I started out supporting accounting software and threw myself into things
other people were afraid of, like intercompany accounting and general ledger
data issues. Be curious about others' blind spots, and people will appreciate
it. You'll become the specialist, the expert, the go-to person for something
other people know little about.

------
paulcole
Just remember that most people aren’t great at their jobs. It’s fine to be
average or below average— most people are.

That’s how I deal with it at least. Do enough to not get fired. Make mistakes
sometimes. Whatever, not the end of the world.

------
solipsism
You need to find what you're good at. Each human is an incredibly complex
array of strengths and weaknesses. We all focus on our specific weaknesses and
compare ourselves to others by noticing what strengths they have that we don't
have. What you need to do is find the strengths you have that others don't
have. Chances are there are some.

Also, make sure you care about doing a good job and improving. Most managers
out there are dealing with one or two people who seem to not give a shit.
Those are are top of mind for the manager. Always give a shit.

------
probinso
remember that there's great value in always being the dumbest person in the
room. as long as you're always learning regardless of your learning rate you
will leave with much more than you think.

that being said, the point at which you should feel comfortable in a project
is the point once you can mimic the whole project yourself. for small projects
this may just take a couple months. for large projects this could take much
longer.

you can narrow your scope bye fixing the range of types of work. this can be
done by restricting yourself to backed, frontend, data... this gives you the
opportunity to get better more quickly because you can focus more. this does
however limits your contributions, may not always be an option, and maybe over
reacting

the other option is to just get better at estimating time. track all of your
time, don't report it if you don't have to. if you become good at estimating
your time, and use those in your projections, you will feel far more
confident. include learning time. this is a skill that most engineers don't
have.

it also helps to remember that regardless of how slow you are, any work your
complete his work somebody else doesn't have to do. how fast do army not be
the most marketable part of who you are. discover if your value add is
elsewhere even if it is just a cog that does things that others don't want to.
that it value and appreciated. other values may be communication,
documentation, education, management, culture, ...
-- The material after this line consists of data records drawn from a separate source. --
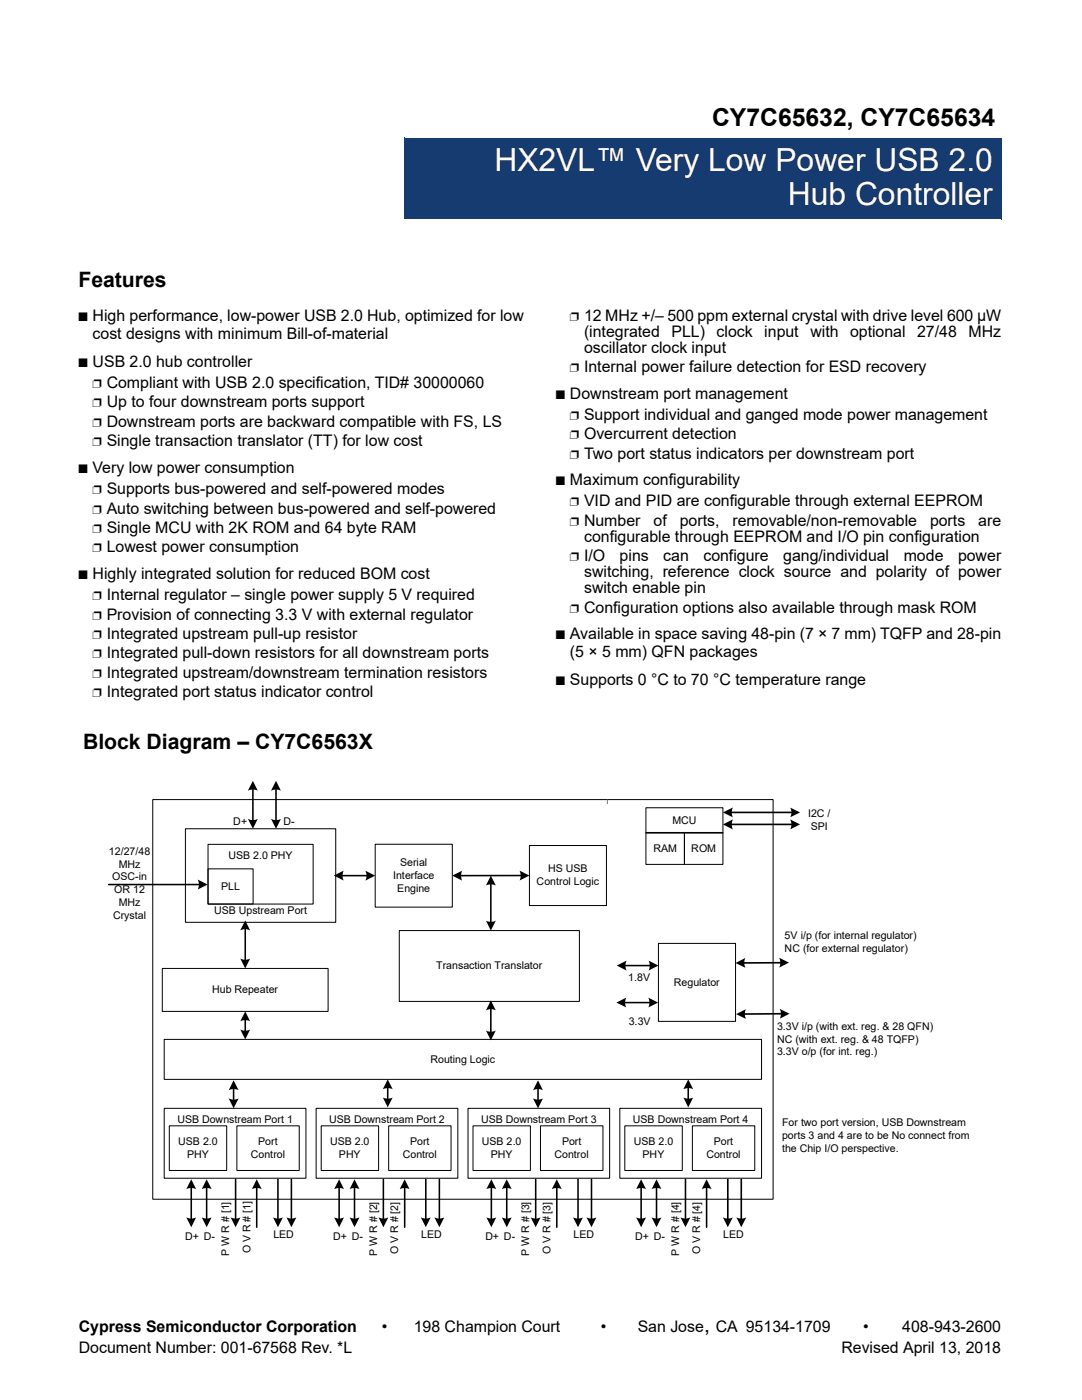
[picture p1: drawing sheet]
<svg xmlns="http://www.w3.org/2000/svg" width="216mm" height="279mm" viewBox="0 0 216 279" stroke-linecap="round" stroke-linejoin="round" font-family="sans-serif">
<defs><g id="words">
<g font-size="6.3" fill="#fcfcfc">
<text x="98.7" y="34.2">HX2VL™ Very Low Power USB 2.0</text>
<text x="157.2" y="40.9">Hub Controller</text>
</g>
<text font-size="4.9" x="142.1" y="25.1">CY7C65632, CY7C65634</text>
<g font-size="4.2">
<text x="15.6" y="57.3">Features</text>
<text x="16.6" y="149.5">Block Diagram – CY7C6563X</text>
<text x="140.5" y="265.8">,</text>
</g>
<g font-size="3.2">
<text x="18.5" y="64">High performance, low-power USB 2.0 Hub, optimized for low</text>
<text x="116.5" y="64">12 MHz +/– 500 ppm external crystal with drive level 600 µW</text>
<text x="18.5" y="67.6">cost designs with minimum Bill-of-material</text>
<text x="116.5" y="67.2">(integrated</text>
<text x="116.5" y="70.4">oscillator clock input</text>
<text x="134" y="67.2">PLL)</text>
<text x="143" y="67.2">clock</text>
<text x="152.5" y="67.2">input</text>
<text x="161.7" y="67.2">with</text>
<text x="169.6" y="67.2">optional</text>
<text x="183" y="67.2">27/48</text>
<text x="193.3" y="67.2">MHz</text>
<text x="18.5" y="73.2">USB 2.0 hub controller</text>
<text x="21.3" y="77.4">Compliant with USB 2.0 specification, TID# 30000060</text>
<text x="116.5" y="74.3">Internal power failure detection for ESD recovery</text>
<text x="21.3" y="81.3">Up to four downstream ports support</text>
<text x="113.7" y="79.5">Downstream port management</text>
<text x="116.5" y="83.8">Support individual and ganged mode power management</text>
<text x="21.3" y="85.2">Downstream ports are backward compatible with FS, LS</text>
<text x="21.3" y="89.1">Single transaction translator (TT) for low cost</text>
<text x="116.5" y="87.7">Overcurrent detection</text>
<text x="18.5" y="94.4">Very low power consumption</text>
<text x="116.5" y="91.5">Two port status indicators per downstream port</text>
<text x="21.3" y="98.6">Supports bus-powered and self-powered modes</text>
<text x="113.7" y="96.8">Maximum configurability</text>
<text x="116.5" y="101.1">VID and PID are configurable through external EEPROM</text>
<text x="21.3" y="102.5">Auto switching between bus-powered and self-powered</text>
<text x="21.3" y="106.4">Single MCU with 2K ROM and 64 byte RAM</text>
<text x="116.5" y="104.9">Number</text>
<text x="130.4" y="104.9">of</text>
<text x="135.6" y="104.9">ports,</text>
<text x="146.2" y="104.9">removable/non-removable</text>
<text x="185.6" y="104.9">ports</text>
<text x="195.2" y="104.9">are</text>
<text x="21.3" y="110.2">Lowest power consumption</text>
<text x="116.5" y="108.1">configurable through EEPROM and I/O pin configuration</text>
<text x="116.5" y="112">I/O</text>
<text x="123.6" y="112">pins</text>
<text x="132.4" y="112">can</text>
<text x="140.4" y="112">configure</text>
<text x="156.3" y="112">gang/individual</text>
<text x="180.3" y="112">mode</text>
<text x="191.2" y="112">power</text>
<text x="18.5" y="115.5">Highly integrated solution for reduced BOM cost</text>
<text x="21.3" y="119.8">Internal regulator – single power supply 5 V required</text>
<text x="116.5" y="115.2">switching, reference clock source and polarity of power</text>
<text x="116.5" y="118.4">switch enable pin</text>
<text x="21.3" y="123.7">Provision of connecting 3.3 V with external regulator</text>
<text x="116.5" y="122.2">Configuration options also available through mask ROM</text>
<text x="21.3" y="127.5">Integrated upstream pull-up resistor</text>
<text x="21.3" y="131.4">Integrated pull-down resistors for all downstream ports</text>
<text x="113.7" y="127.5">Available in space saving 48-pin (7 × 7 mm) TQFP and 28-pin</text>
<text x="113.7" y="131.1">(5 × 5 mm) QFN packages</text>
<text x="21.3" y="135.3">Integrated upstream/downstream termination resistors</text>
<text x="113.7" y="136.7">Supports 0 °C to 70 °C temperature range</text>
<text x="21.3" y="139.2">Integrated port status indicator control</text>
<text x="15.7" y="265.8">Cypress Semiconductor Corporation</text>
<text x="76.2" y="265.8">•</text>
<text x="82.5" y="265.8">198 Champion Court</text>
<text x="119.9" y="265.8">•</text>
<text x="127.2" y="265.8">San Jose</text>
<text x="142.8" y="265.8">CA 95134-1709</text>
<text x="172.2" y="265.8">•</text>
<text x="180" y="265.8">408-943-2600</text>
<text x="15.7" y="270">Document Number: 001-67568 Rev. *L</text>
<text x="167.9" y="270">Revised April 13, 2018</text>
</g>
<g font-size="2.5">
<text x="15.6" y="64">■</text>
<text x="113.7" y="64">❐</text>
<text x="15.6" y="73.2">■</text>
<text x="18.5" y="77.4">❐</text>
<text x="113.7" y="74.3">❐</text>
<text x="18.5" y="81.3">❐</text>
<text x="110.9" y="79.5">■</text>
<text x="113.7" y="83.8">❐</text>
<text x="18.5" y="85.2">❐</text>
<text x="18.5" y="89.1">❐</text>
<text x="113.7" y="87.7">❐</text>
<text x="15.6" y="94.4">■</text>
<text x="113.7" y="91.5">❐</text>
<text x="18.5" y="98.6">❐</text>
<text x="110.9" y="96.8">■</text>
<text x="113.7" y="101.1">❐</text>
<text x="18.5" y="102.5">❐</text>
<text x="18.5" y="106.4">❐</text>
<text x="113.7" y="104.9">❐</text>
<text x="18.5" y="110.2">❐</text>
<text x="113.7" y="112">❐</text>
<text x="15.6" y="115.5">■</text>
<text x="18.5" y="119.8">❐</text>
<text x="18.5" y="123.7">❐</text>
<text x="113.7" y="122.2">❐</text>
<text x="18.5" y="127.5">❐</text>
<text x="18.5" y="131.4">❐</text>
<text x="110.9" y="127.5">■</text>
<text x="18.5" y="135.3">❐</text>
<text x="110.9" y="136.7">■</text>
<text x="18.5" y="139.2">❐</text>
</g>
<g font-size="2.1">
<text x="46.5" y="164.7">D+</text>
<text x="56.6" y="164.7">D-</text>
<text x="134.2" y="164.4">MCU</text>
<text x="161.2" y="163.1">I2C /</text>
<text x="161.8" y="165.7">SPI</text>
<text x="21.7" y="170.6">12/27/48</text>
<text x="23.7" y="173.2">MHz</text>
<text x="45.6" y="171.5">USB 2.0 PHY</text>
<text x="79.8" y="172.9">Serial</text>
<text x="130.4" y="169.9">RAM</text>
<text x="137.9" y="169.9">ROM</text>
<text x="22.4" y="175.7">OSC-in</text>
<text x="22.8" y="178.2">OR 12</text>
<text x="44.1" y="177.5">PLL</text>
<text x="78.4" y="175.4">Interface</text>
<text x="79.3" y="177.9">Engine</text>
<text x="107.1" y="176.6">Control Logic</text>
<text x="109.4" y="174.1">HS USB</text>
<text x="22.6" y="183.3">Crystal</text>
<text x="23.7" y="180.8">MHz</text>
<text x="42.7" y="182.4">USB Upstream Port</text>
<text x="156.6" y="187.4">5V i/p (for internal regulator)</text>
<text x="156.6" y="189.9">NC (for external regulator)</text>
<text x="87.1" y="193.4">Transaction Translator</text>
<text x="125.4" y="195.7">1.8V</text>
<text x="134.5" y="196.7">Regulator</text>
<text x="42.3" y="198.2">Hub Repeater</text>
<text x="125.5" y="204.5">3.3V</text>
<text x="155.1" y="205.5">3.3V i/p (with ext. reg. &amp; 28 QFN)</text>
<text x="155.1" y="208.1">NC (with ext. reg. &amp; 48 TQFP)</text>
<text x="85.9" y="212">Routing Logic</text>
<text x="155.1" y="210.6">3.3V o/p (for int. reg.)</text>
<text x="35.4" y="224.2">USB Downstream Port 1</text>
<text x="65.7" y="224.2">USB Downstream Port 2</text>
<text x="96" y="224.2">USB Downstream Port 3</text>
<text x="126.3" y="224.2">USB Downstream Port 4</text>
<text x="156.1" y="224.8">For two port version, USB Downstream</text>
<text x="156.1" y="227.4">ports 3 and 4 are to be No connect from</text>
<text x="35.6" y="228.5">USB 2.0</text>
<text x="37.3" y="231">PHY</text>
<text x="50.1" y="231">Control</text>
<text x="51.5" y="228.5">Port</text>
<text x="65.9" y="228.5">USB 2.0</text>
<text x="67.6" y="231">PHY</text>
<text x="80.4" y="231">Control</text>
<text x="81.8" y="228.5">Port</text>
<text x="96.2" y="228.5">USB 2.0</text>
<text x="97.9" y="231">PHY</text>
<text x="110.7" y="231">Control</text>
<text x="112.1" y="228.5">Port</text>
<text x="126.5" y="228.5">USB 2.0</text>
<text x="128.2" y="231">PHY</text>
<text x="141" y="231">Control</text>
<text x="142.4" y="228.5">Port</text>
<text x="156.1" y="229.9">the Chip I/O perspective.</text>
<text x="37" y="247.5">D+ D-</text>
<text x="45.7" y="250.6" transform="rotate(-90 45.7 250.6)">P W R # [1]</text>
<text x="50" y="250.1" transform="rotate(-90 50 250.1)">O V R # [1]</text>
<text x="54.5" y="247.1">LED</text>
<text x="66.5" y="247.5">D+ D-</text>
<text x="75.2" y="250.6" transform="rotate(-90 75.2 250.6)">P W R # [2]</text>
<text x="79.4" y="250.3" transform="rotate(-90 79.4 250.3)">O V R # [2]</text>
<text x="84.1" y="247.1">LED</text>
<text x="96.9" y="247.5">D+ D-</text>
<text x="105.6" y="250.6" transform="rotate(-90 105.6 250.6)">P W R # [3]</text>
<text x="109.8" y="250.3" transform="rotate(-90 109.8 250.3)">O V R # [3]</text>
<text x="114.4" y="247.1">LED</text>
<text x="126.7" y="247.5">D+ D-</text>
<text x="135.5" y="250.6" transform="rotate(-90 135.5 250.6)">P W R # [4]</text>
<text x="139.7" y="250.3" transform="rotate(-90 139.7 250.3)">O V R # [4]</text>
<text x="144.3" y="247.1">LED</text>
</g>
</g></defs>
<path d="M80.7 27.6h119.2v16.1h-119.2z" fill="#163b71"/>
<path d="M80.7 27.6h119.3M80.7 27.5v16.2M199.9 27.6v16.2M80.6 43.7h119.3" fill="none" stroke="#163b71" stroke-width=".2"/>
<g fill="#fff">
<path d="M15.9 14.1h60.1v18.6h-60.1z"/>
<path d="M17.1 153.3h181.1v101.8h-181.1z"/>
</g>
<g fill="none" stroke="#000" stroke-width=".2">
<path d="M30.5 159.6h123.8v79.7h-123.8zM37 165.4h30v18.7h-30zM41.5 168.5h21v11.9h-21zM41.5 173.4h9v7h-9zM128.9 161.2h15.4v5.1h-15.4zM128.9 166.1h7.7v6.4h-7.7zM136.6 166.1h7.7v6.4h-7.7zM32.4 193.3h33.1v8.5h-33.1zM32.8 207.4h119.2v8h-119.2zM32.8 221.2h28.2v13.9h-28.2zM33.8 224.7h11.4v8.9h-11.4zM47.3 224.7h12.4v8.9h-12.4z"/>
<path d="M63.1 221.2h28.3v13.9h-28.3zM64.1 224.7h11.4v8.9h-11.4zM77.6 224.7h12.4v8.9h-12.4zM93.4 221.2h28.2v13.9h-28.2zM94.4 224.7h11.4v8.9h-11.4zM107.8 224.7h12.5v8.9h-12.5zM123.7 221.2h28.3v13.9h-28.3zM124.7 224.7h11.4v8.9h-11.4zM138.2 224.7h12.4v8.9h-12.4z"/>
</g>
<path d="M121.2 159.6v.8" fill="none" stroke="#4677bf" stroke-width=".2"/>
<g fill="none" stroke="#000" stroke-width=".31">
<path d="M50.5 157.3v6.6M55.1 157.3v6.6M68.1 174.8h5.3M104.1 174.7l-12.4 .1M48.9 185.2v6.6M46.6 217.1v2.6M48.9 203.3v2.7M77.4 216.9v2.6M107.4 217.1v2.6M137.3 216.9v2.6M38.2 236.8v6.6M41.2 236.8v6.6"/>
<path d="M47 235.4v8M51.2 236.8v8.1M55.5 235.4v8M58.1 235.4v8M67.7 236.8v6.6M70.7 236.8v6.6M76.5 235.4v8M80.8 236.8v8.1M85 235.4v8M87.7 235.4v8M98 236.8v6.6M101.1 236.8v6.6"/>
<path d="M106.9 235.4v8M111.1 236.8v8.1M115.3 235.4v8M118 235.4v8M127.9 236.8v6.6M131 236.8v6.6M136.8 235.4v8M141 236.8v8.1"/>
</g>
<g fill="#000">
<path d="M50.5 155.8l.9 2a2.2 2.2 0 0 0-1.9 0z" fill-rule="evenodd"/>
<path d="M55.1 155.8l1 2a2.24 2.24 0 0 0-2 0z" fill-rule="evenodd"/>
<path d="M49.5 163.4l1 .3 .9-.3-.9 2z" fill-rule="evenodd"/>
<path d="M54.1 163.4l1 .3 1-.3-1 2z" fill-rule="evenodd"/>
<path d="M66.6 174.7l2-.9a2.29 2.29 0 0 0 0 1.9z" fill-rule="evenodd"/>
<path d="M72.9 173.8l2 1-2 .9a2.11 2.11 0 0 0 0-1.9z" fill-rule="evenodd"/>
<path d="M90.3 174.8l1.9-1a2.24 2.24 0 0 0 0 2z" fill-rule="evenodd"/>
<path d="M103.7 173.8l1.9 .9-1.9 1a2.2 2.2 0 0 0 0-1.9z" fill-rule="evenodd"/>
<path d="M144.3 162.1l1.9-.9a2.2 2.2 0 0 0 0 1.9z" fill-rule="evenodd"/>
<path d="M144.3 164.5l1.9-1a2.46 2.46 0 0 0 0 2z" fill-rule="evenodd"/>
<path d="M157.7 161.2l1.9 .9-1.9 1a2.11 2.11 0 0 0 0-1.9z" fill-rule="evenodd"/>
<path d="M157.7 163.5l1.9 1-1.9 1a2.08 2.08 0 0 0 0-2z" fill-rule="evenodd"/>
<path d="M48.9 183.7l1 2a2.08 2.08 0 0 0-2 0z" fill-rule="evenodd"/>
<path d="M47.9 191.3a2.08 2.08 0 0 0 2 0l-1 2z" fill-rule="evenodd"/>
<path d="M46.6 215.6l1 2a2.2 2.2 0 0 0-2 0z" fill-rule="evenodd"/>
<path d="M48.9 201.8l1 2a2.03 2.03 0 0 0-2 0z" fill-rule="evenodd"/>
<path d="M47.9 205.5l1 .2 1-.2-1 1.9z" fill-rule="evenodd"/>
<path d="M77.4 215.4l1 2a2.2 2.2 0 0 0-2 0z" fill-rule="evenodd"/>
<path d="M107.4 215.6l1 2a2.24 2.24 0 0 0-2 0z" fill-rule="evenodd"/>
<path d="M137.3 215.4l1 2a2.24 2.24 0 0 0-1.9 0z" fill-rule="evenodd"/>
<path d="M38.2 235.4l.9 1.9a2.2 2.2 0 0 0-1.9 0z" fill-rule="evenodd"/>
<path d="M41.2 235.4l1 1.9a2.2 2.2 0 0 0-1.9 0z" fill-rule="evenodd"/>
<path d="M45.6 219.2l1 .3 1-.3-1 2z" fill-rule="evenodd"/>
<path d="M51.2 235.4l1 1.9a2.2 2.2 0 0 0-2 0z" fill-rule="evenodd"/>
<path d="M67.7 235.4l.9 1.9a2.2 2.2 0 0 0-1.9 0z" fill-rule="evenodd"/>
<path d="M70.7 235.4l1 1.9a2.2 2.2 0 0 0-1.9 0z" fill-rule="evenodd"/>
<path d="M76.4 219a2.08 2.08 0 0 0 2 0l-1 2z" fill-rule="evenodd"/>
<path d="M80.8 235.4l.9 1.9a2.2 2.2 0 0 0-1.9 0z" fill-rule="evenodd"/>
<path d="M98 235.4l1 1.9a2.2 2.2 0 0 0-2 0z" fill-rule="evenodd"/>
<path d="M101.1 235.4l1 1.9a2.2 2.2 0 0 0-2 0z" fill-rule="evenodd"/>
<path d="M106.4 219.2a2.33 2.33 0 0 0 2 0l-1 2z" fill-rule="evenodd"/>
<path d="M111.1 235.4l1 1.9a2.24 2.24 0 0 0-2 0z" fill-rule="evenodd"/>
<path d="M127.9 235.4l1 1.9a2.2 2.2 0 0 0-2 0z" fill-rule="evenodd"/>
<path d="M131 235.4l1 1.9a2.2 2.2 0 0 0-2 0z" fill-rule="evenodd"/>
<path d="M136.4 219a2.19 2.19 0 0 0 1.9 0l-1 2z" fill-rule="evenodd"/>
<path d="M141 235.4l1 1.9a2.2 2.2 0 0 0-2 0z" fill-rule="evenodd"/>
<path d="M37.2 243l.7 .2 1.2-.2-.9 1.9z" fill-rule="evenodd"/>
<path d="M40.3 243a2.08 2.08 0 0 0 1.9 0l-1 1.9z" fill-rule="evenodd"/>
<path d="M46 243l.8 .2 1.2-.2-1 1.9z" fill-rule="evenodd"/>
<path d="M54.5 243l.7 .2 1.3-.2-1 1.9z" fill-rule="evenodd"/>
<path d="M57.2 243l.7 .2 1.2-.2-1 1.9z" fill-rule="evenodd"/>
<path d="M66.7 243l.7 .2 1.2-.2-.9 1.9z" fill-rule="evenodd"/>
<path d="M69.8 243l.7 .2 1.2-.2-1 1.9z" fill-rule="evenodd"/>
<path d="M75.5 243l.8 .2 1.2-.2-1 1.9z" fill-rule="evenodd"/>
<path d="M84 243a2.12 2.12 0 0 0 2 0l-1 1.9z" fill-rule="evenodd"/>
<path d="M86.7 243a2.08 2.08 0 0 0 1.9 0l-.9 1.9z" fill-rule="evenodd"/>
<path d="M97 243l.8 .2 1.2-.2-1 1.9z" fill-rule="evenodd"/>
<path d="M100.1 243l.8 .2 1.2-.2-1 1.9z" fill-rule="evenodd"/>
<path d="M105.9 243a2.08 2.08 0 0 0 2 0l-1 1.9z" fill-rule="evenodd"/>
<path d="M114.3 243l.8 .2 1.2-.2-1 1.9z" fill-rule="evenodd"/>
<path d="M117 243l.8 .2 1.2-.2-1 1.9z" fill-rule="evenodd"/>
<path d="M126.9 243l.8 .2 1.2-.2-1 1.9z" fill-rule="evenodd"/>
<path d="M130 243a2.08 2.08 0 0 0 2 0l-1 1.9z" fill-rule="evenodd"/>
<path d="M135.8 243l.7 .2 1.3-.2-1 1.9z" fill-rule="evenodd"/>
<path d="M144.3 243l.7 .2 1.2-.2-1 1.9z" fill-rule="evenodd"/>
<path d="M146.9 243l.8 .2 .7-.1 .5-.1-1 1.9z" fill-rule="evenodd"/>
</g>
<path d="M145.8 162.1h12.4M145.8 164.5h12.4M145.2 235.4v8M147.9 235.4v8" fill="none" stroke="#000" stroke-width=".33"/>
<path d="M79.7 185.7h35.9v14.2h-35.9z" fill="#fff"/>
<path d="M74.9 168.5h15.4v12.5h-15.4zM105.6 168.7h15.4v12h-15.4zM79.7 185.7h35.9v14.2h-35.9zM131.4 188.3h15.4v15.5h-15.4z" fill="none" stroke="#000" stroke-width=".2"/>
<path d="M21.7 176.5h18.2M97.9 176.2v8M124.5 192.7h5.4M97.9 201.1v5M124.5 200.1h5.3" fill="none" stroke="#000" stroke-width=".31"/>
<g fill="#000">
<path d="M39.5 175.5l1.9 1-1.9 1 .2-.7z" fill-rule="evenodd"/>
<path d="M97.9 174.8l1 1.9a2.2 2.2 0 0 0-1.9 0z" fill-rule="evenodd"/>
<path d="M97.9 199.7l1 1.9a2.08 2.08 0 0 0-1.9 0z" fill-rule="evenodd"/>
<path d="M97 183.7a2.03 2.03 0 0 0 1.9 0l-1 2z" fill-rule="evenodd"/>
<path d="M123.1 192.7l1.9-1-.2 .7 .2 1.3z" fill-rule="evenodd"/>
<path d="M129.4 191.7l2 1-2 1a2.24 2.24 0 0 0 0-2z" fill-rule="evenodd"/>
<path d="M146.8 192.2l1.9-1a2.24 2.24 0 0 0 0 2z" fill-rule="evenodd"/>
<path d="M155.4 191.1l2 1-1.9 1a2.11 2.11 0 0 0-.1-2z" fill-rule="evenodd"/>
<path d="M97 205.7l.7 .2 1.2-.2-1 1.9z" fill-rule="evenodd"/>
<path d="M123 200.1l2-1-.3 .7 .3 1.3z" fill-rule="evenodd"/>
<path d="M129.3 199.1l2 1-2 1 .3-1z" fill-rule="evenodd"/>
<path d="M146.9 202.4l1.9-1-.2 1 .2 .9z" fill-rule="evenodd"/>
<path d="M155.6 201.3l1.9 1-1.9 1a2.11 2.11 0 0 0 0-2z" fill-rule="evenodd"/>
</g>
<path d="M156 192.1l-7.7 .1M156.1 202.3l-7.7 .1" fill="none" stroke="#000" stroke-width=".33"/>
<use href="#words"/>
</svg>

also, when always pushing yourself it's easier to feel behind. you won't need
to push yourself your whole life. a co-worker of mine said he would never work
at a startup again because he always had to push to learn new technologies and
had to wear too many hats. he is an Excellent developer (better than most I
know who love working at stadtups) who didn't thrive in that environment.

------
orionblastar
I would use Yahoo, now Google I use, to look up stuff I didn't know how to do.
That was in the late 1990s and it is like reading a tech book. You can catch
up if you do that.

Don't let imposter syndrome get you, you get paid for your labor not your
skills. Just don't fall behind on your projects, if you do ask for help.